> **WHAT TO PRODUCE**
Lines below containing the word "angles" should be copied out.
━━━
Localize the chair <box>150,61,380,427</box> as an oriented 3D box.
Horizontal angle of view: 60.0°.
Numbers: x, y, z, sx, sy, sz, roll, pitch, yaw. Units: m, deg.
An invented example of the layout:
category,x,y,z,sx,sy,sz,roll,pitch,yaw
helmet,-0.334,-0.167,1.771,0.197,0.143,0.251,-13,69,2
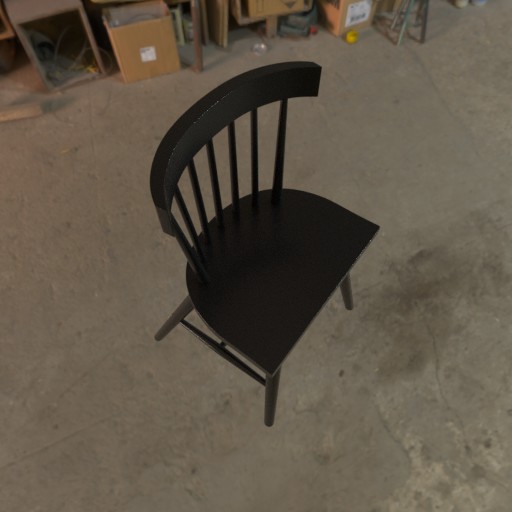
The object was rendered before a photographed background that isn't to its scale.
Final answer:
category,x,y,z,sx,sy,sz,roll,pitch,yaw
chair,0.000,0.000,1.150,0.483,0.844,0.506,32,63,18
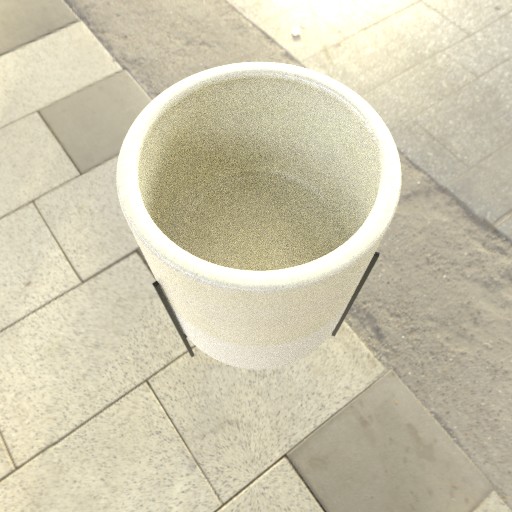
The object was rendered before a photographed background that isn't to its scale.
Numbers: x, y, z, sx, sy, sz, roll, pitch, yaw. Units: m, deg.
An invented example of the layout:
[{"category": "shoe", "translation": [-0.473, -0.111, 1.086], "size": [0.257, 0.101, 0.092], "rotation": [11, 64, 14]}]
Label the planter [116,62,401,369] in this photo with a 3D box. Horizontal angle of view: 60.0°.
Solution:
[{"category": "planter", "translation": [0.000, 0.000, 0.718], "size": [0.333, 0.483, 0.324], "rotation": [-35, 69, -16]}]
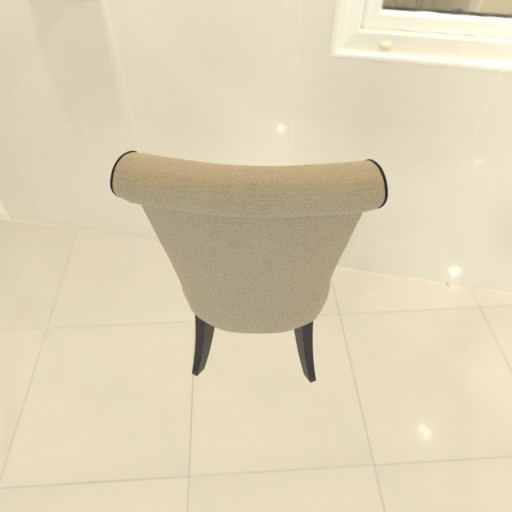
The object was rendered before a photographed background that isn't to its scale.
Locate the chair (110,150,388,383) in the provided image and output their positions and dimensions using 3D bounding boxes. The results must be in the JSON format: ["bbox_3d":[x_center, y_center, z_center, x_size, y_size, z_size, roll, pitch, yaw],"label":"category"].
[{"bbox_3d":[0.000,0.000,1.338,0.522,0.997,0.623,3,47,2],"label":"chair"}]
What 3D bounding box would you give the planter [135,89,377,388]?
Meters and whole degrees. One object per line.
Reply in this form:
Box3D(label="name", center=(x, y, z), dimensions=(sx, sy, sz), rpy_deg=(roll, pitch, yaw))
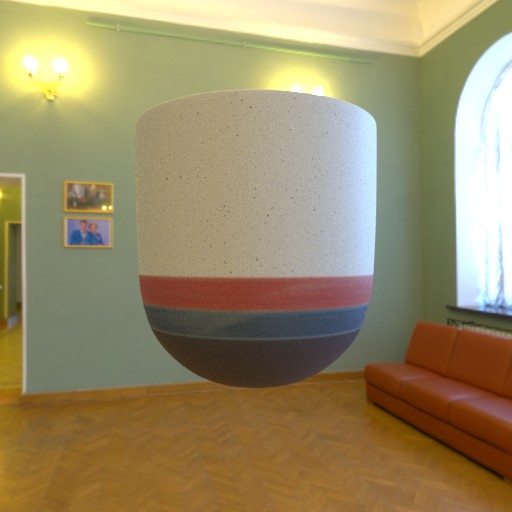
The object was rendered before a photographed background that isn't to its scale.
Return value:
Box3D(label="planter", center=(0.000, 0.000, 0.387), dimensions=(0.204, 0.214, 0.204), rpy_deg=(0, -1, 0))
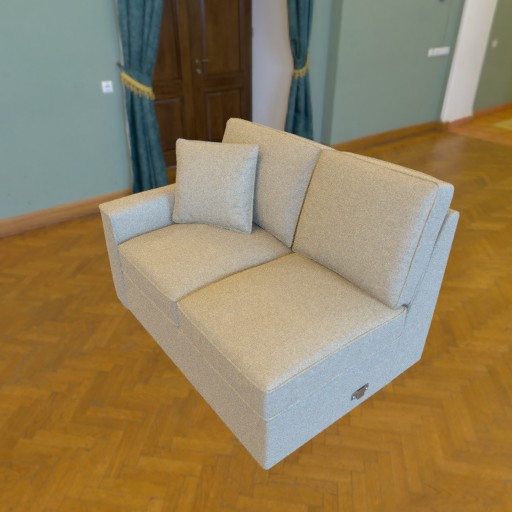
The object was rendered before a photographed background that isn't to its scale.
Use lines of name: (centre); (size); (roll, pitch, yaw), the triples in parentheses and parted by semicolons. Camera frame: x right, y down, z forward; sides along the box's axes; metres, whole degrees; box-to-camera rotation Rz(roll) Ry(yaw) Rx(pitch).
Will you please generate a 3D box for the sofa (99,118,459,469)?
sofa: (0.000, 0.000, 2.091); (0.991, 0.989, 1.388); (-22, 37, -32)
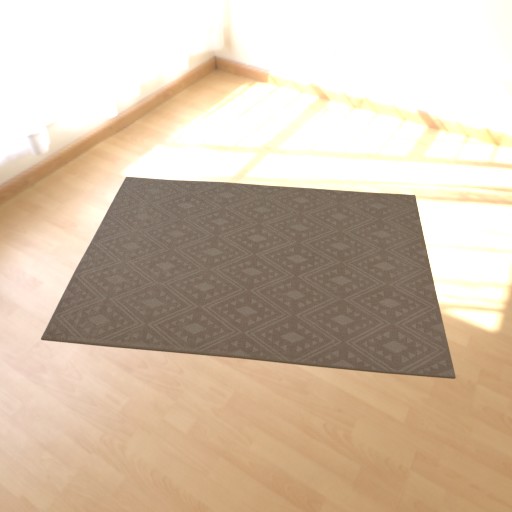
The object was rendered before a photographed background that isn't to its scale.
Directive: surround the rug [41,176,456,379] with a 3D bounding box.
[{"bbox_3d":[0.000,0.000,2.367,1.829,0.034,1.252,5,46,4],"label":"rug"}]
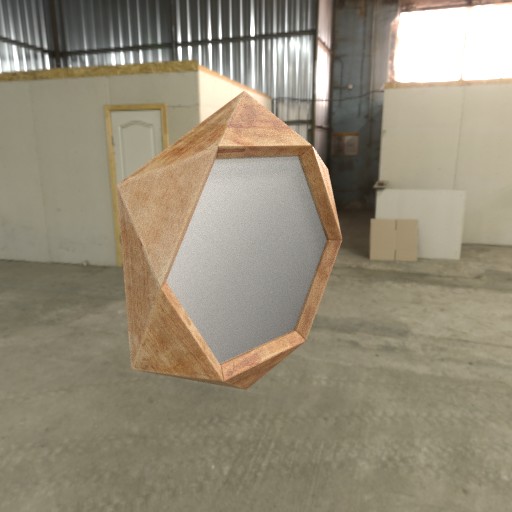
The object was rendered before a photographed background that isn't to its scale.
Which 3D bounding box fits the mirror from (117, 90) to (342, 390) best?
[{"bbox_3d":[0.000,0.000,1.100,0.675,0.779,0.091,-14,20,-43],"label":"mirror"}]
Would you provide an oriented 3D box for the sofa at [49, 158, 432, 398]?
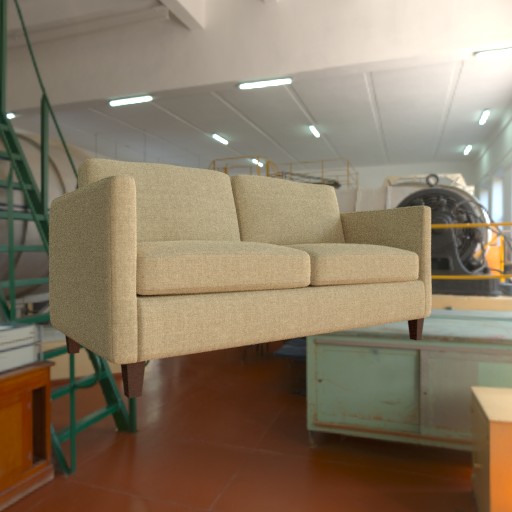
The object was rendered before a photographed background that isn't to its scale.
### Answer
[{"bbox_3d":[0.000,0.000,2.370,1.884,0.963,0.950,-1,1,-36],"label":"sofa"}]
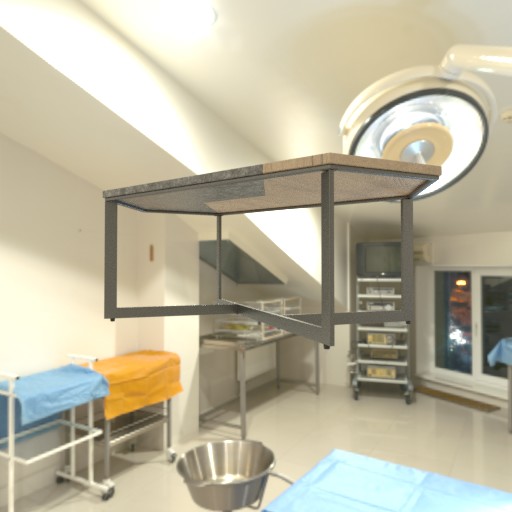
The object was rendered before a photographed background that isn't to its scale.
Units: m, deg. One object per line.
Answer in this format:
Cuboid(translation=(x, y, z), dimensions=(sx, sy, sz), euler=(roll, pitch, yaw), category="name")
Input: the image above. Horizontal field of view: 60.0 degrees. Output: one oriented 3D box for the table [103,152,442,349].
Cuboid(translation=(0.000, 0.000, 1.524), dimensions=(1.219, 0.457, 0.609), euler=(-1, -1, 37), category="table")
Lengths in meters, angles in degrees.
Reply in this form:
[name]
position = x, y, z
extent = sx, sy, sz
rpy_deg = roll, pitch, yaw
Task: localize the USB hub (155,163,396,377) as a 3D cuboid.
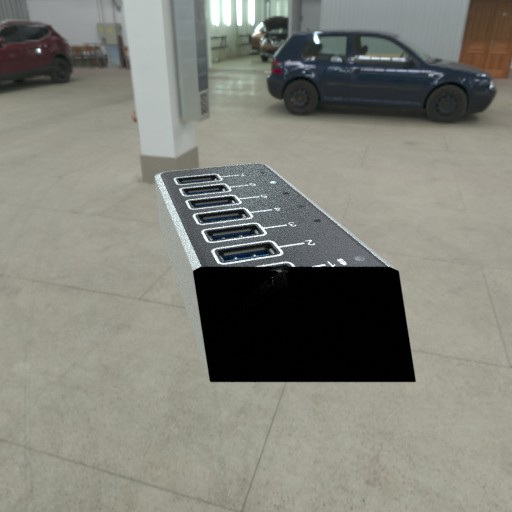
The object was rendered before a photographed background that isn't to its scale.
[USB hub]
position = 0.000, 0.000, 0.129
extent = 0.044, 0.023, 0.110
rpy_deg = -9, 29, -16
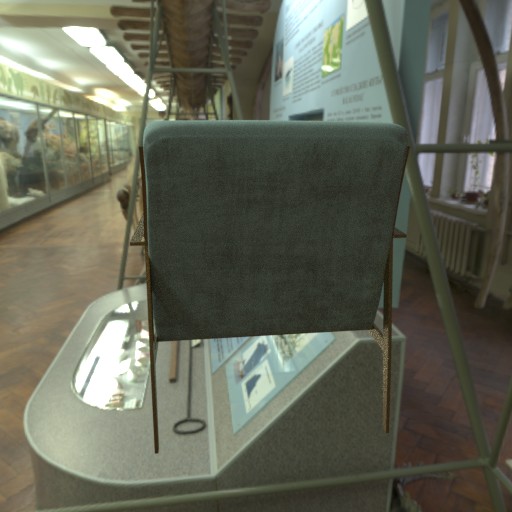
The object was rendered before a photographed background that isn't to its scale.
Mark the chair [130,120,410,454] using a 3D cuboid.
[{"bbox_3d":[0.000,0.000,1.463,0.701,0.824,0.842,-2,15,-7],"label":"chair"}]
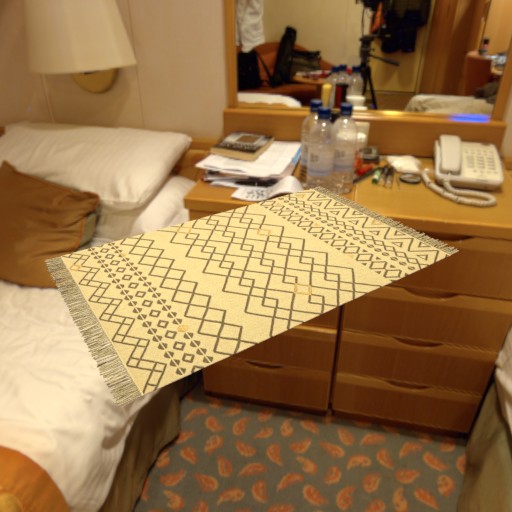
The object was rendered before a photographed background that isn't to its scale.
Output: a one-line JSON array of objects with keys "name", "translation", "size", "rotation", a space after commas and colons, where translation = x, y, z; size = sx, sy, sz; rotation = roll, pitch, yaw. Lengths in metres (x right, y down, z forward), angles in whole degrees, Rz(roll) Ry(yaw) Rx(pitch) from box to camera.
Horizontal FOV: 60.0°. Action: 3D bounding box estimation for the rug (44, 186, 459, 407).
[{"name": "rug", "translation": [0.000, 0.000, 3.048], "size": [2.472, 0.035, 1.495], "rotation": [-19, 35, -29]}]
━━━
> **RESULT FOR THIS TASK**
Lengths in meters, angles in degrees.
Output: a one-line JSON array of objects with keys "name", "translation", "size", "rotation", a space after commas and colons, where translation = x, y, z; size = sx, sy, sz; rotation = roll, pitch, yaw. Lengths in metres (x right, y down, z forward), angles in whole degrees, Rz(roll) Ry(yaw) Rx(pitch) from box to camera.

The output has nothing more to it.